Gigapixel AI’s Excellent Results
Gigapixel AI is slow, but I cannot deny the results are unbeatable. It is Topaz’s flagship program for resizing images. The principle behind these two programs is similar. But Topaz may have the edge.
Gigapixel AI may be the better choice if you have a super-fast computer. But the lag time is a deal-breaker for the photographer with an average computer system.
ON1 Resize gives good results and will work for most situations. Without the lag, you are more likely to use Gigapixel AI.
Compare the results. The Gigapixel AI image is on the left. ON1 Resize is on the right.
ON1 Resize AI vs. Adobe Photoshop Super Zoom
Adobe released a resize tool similar to Resize AI as part of their neural filters in Photoshop.
If you have not discovered the neural filters, go to the Filter drop-down menu. Select Filter > Neural Filters. In the new workspace, toggle the switch next to the Super Zoom tool.
Zoom in 2x, 3x, or 4x, and Photoshop makes your crop the exact resolution as your original image.
The controls in Photoshop’s Super Zoom are a little limited. You cannot enter a specific aspect ratio or pixel dimensions.
So you will likely have to crop the image later to prepare it for printing. But you can reduce noise, enhance detail, and remove JPEG artifacts.
Like Topaz Gigapixel AI, the process is not necessarily fast. Zooming in 4x takes up to 30 minutes to render. But the results are as good as the other programs.
If you already use Adobe Photoshop, you do not need to buy or send an image to another program for enlargement.
Software Comparison Conclusions
ON1 Resize AI quickly enlarges your image for printing. You can crop in and keep details or print much larger-sized photos than your camera’s megapixels would typically allow.
The program does not have all the tools found in Topaz Gigapixel. But you get faster results.
Adobe Photoshop’s Super Zoom is handy if you do not want to buy another program. But, like Topaz, the program is slow.
ON1 Resize AI has many things going for it, but it is not the most intuitive program. After using it a few times, you will find it simpler. But there is not a lot of feedback along the way to help a new user.
I got quite a few export errors when first starting. But you can browse a video library to find the right ON Resize tutorial to help you.
Topaz Gigapixel AI is a program for you if you only resize occasionally and need the highest quality photo enlargements. But for most photographers, the workflow and speed of ON Resize AI are better.
The reason most photographers enlarge their images is to increase print size. And Resize AI was made with printing in mind.
ON1 Resize AI is a quiet but powerful tool.
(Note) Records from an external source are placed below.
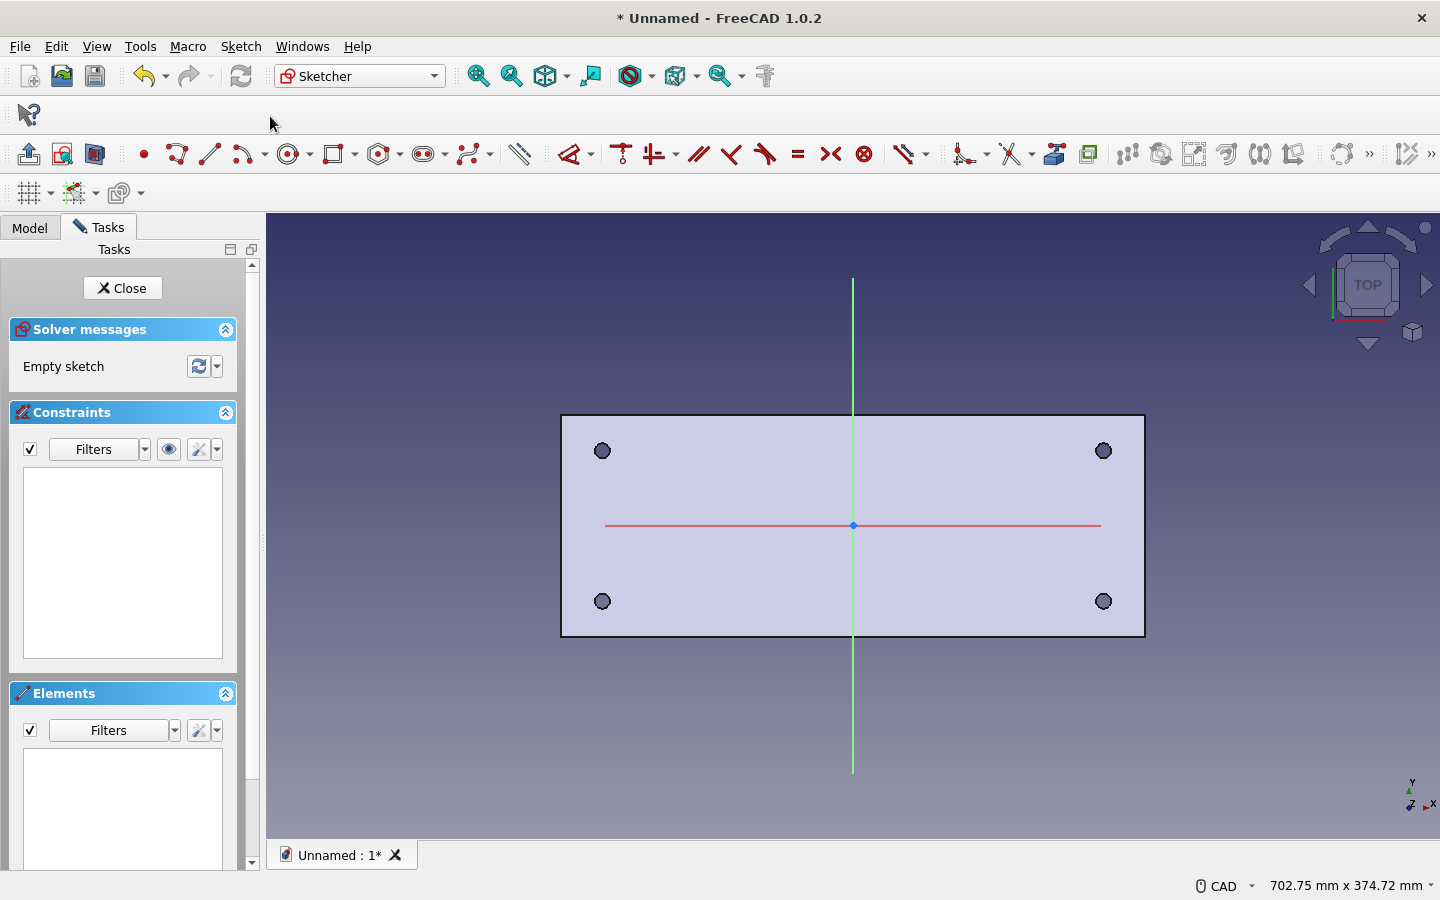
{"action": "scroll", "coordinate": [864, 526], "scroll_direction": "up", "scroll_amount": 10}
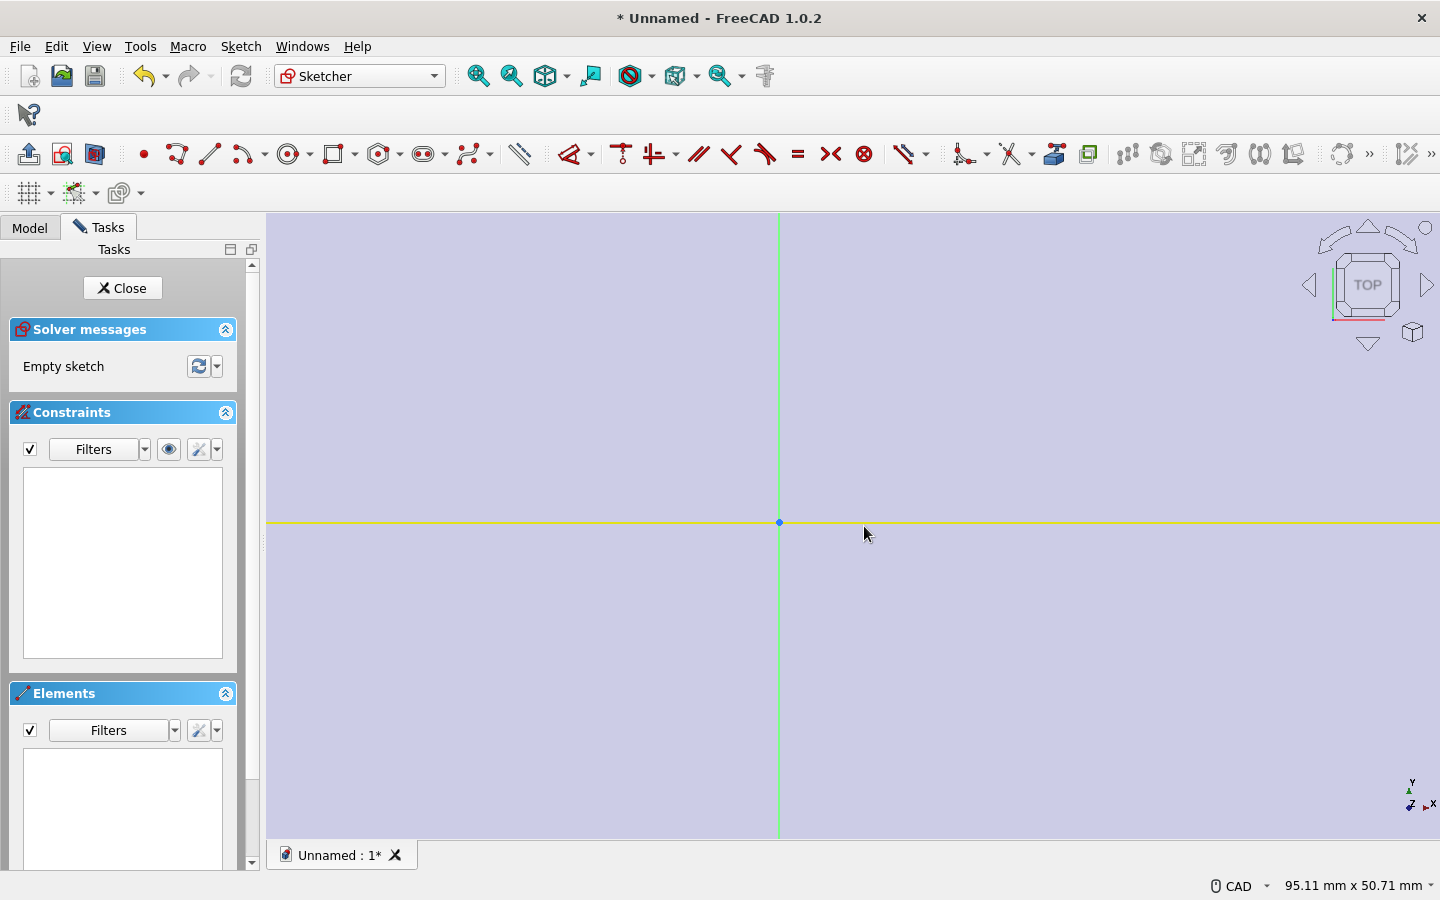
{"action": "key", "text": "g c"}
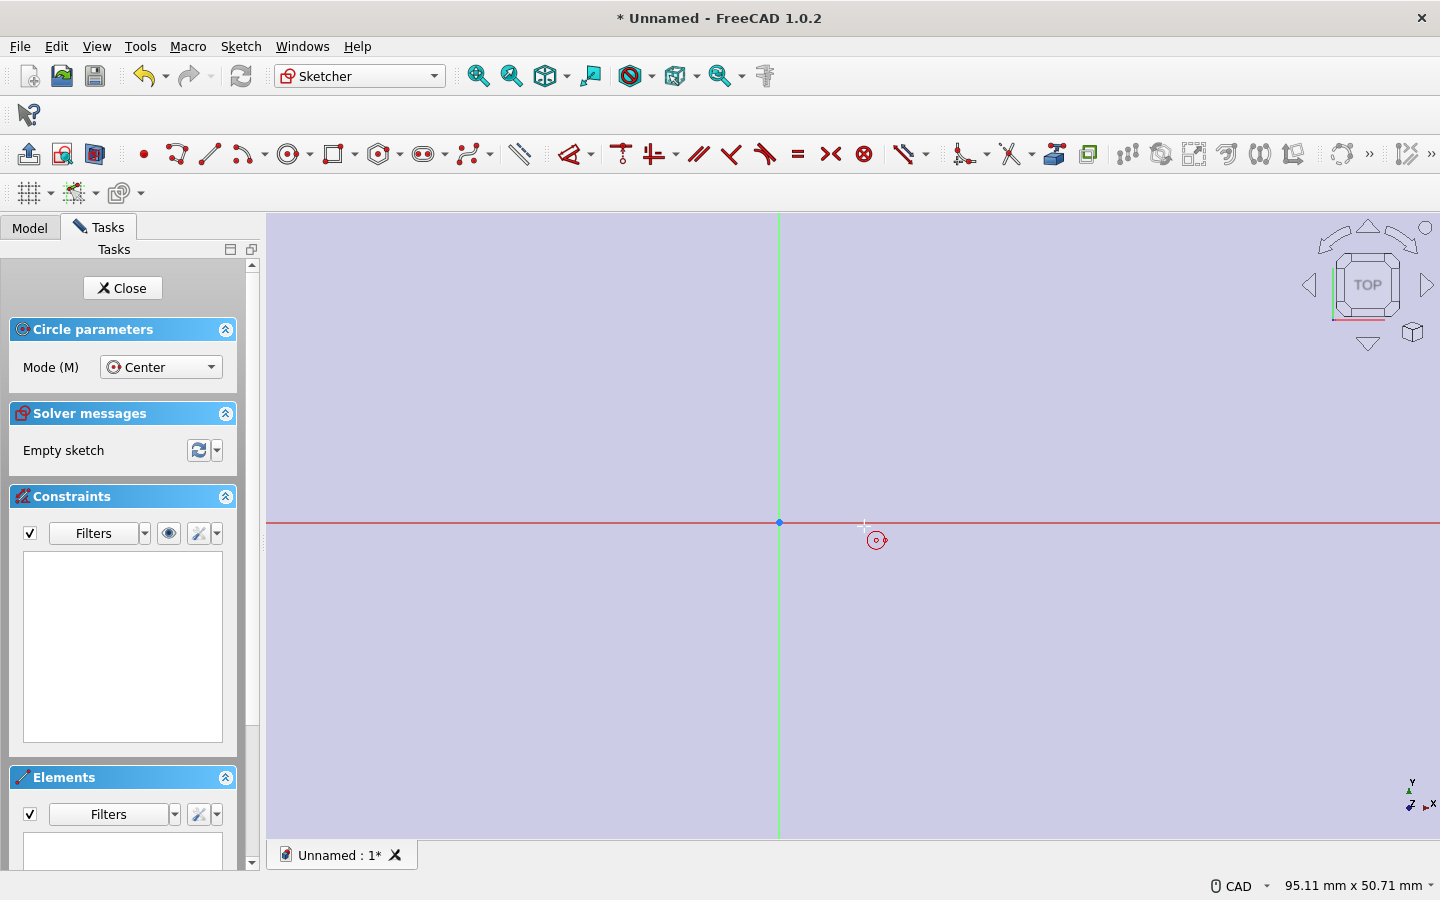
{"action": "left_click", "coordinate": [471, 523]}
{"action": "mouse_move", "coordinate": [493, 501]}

You can enlarge images and create high-quality prints. Essentially, it adds megapixels to your photos.
If you are tempted to buy a camera with more megapixels or a longer telephoto lens, this program may stop you.
You can get more pixels in your image and print larger without buying more expensive gear!
If you want to make a photo larger with amazing quality, ON1 Resize AI is the perfect tool. It is fast and designed to help you make large prints.
One feature that sets Resize AI apart is the batch edit feature. So this program is for photographers who quickly need to enlarge and print many photos!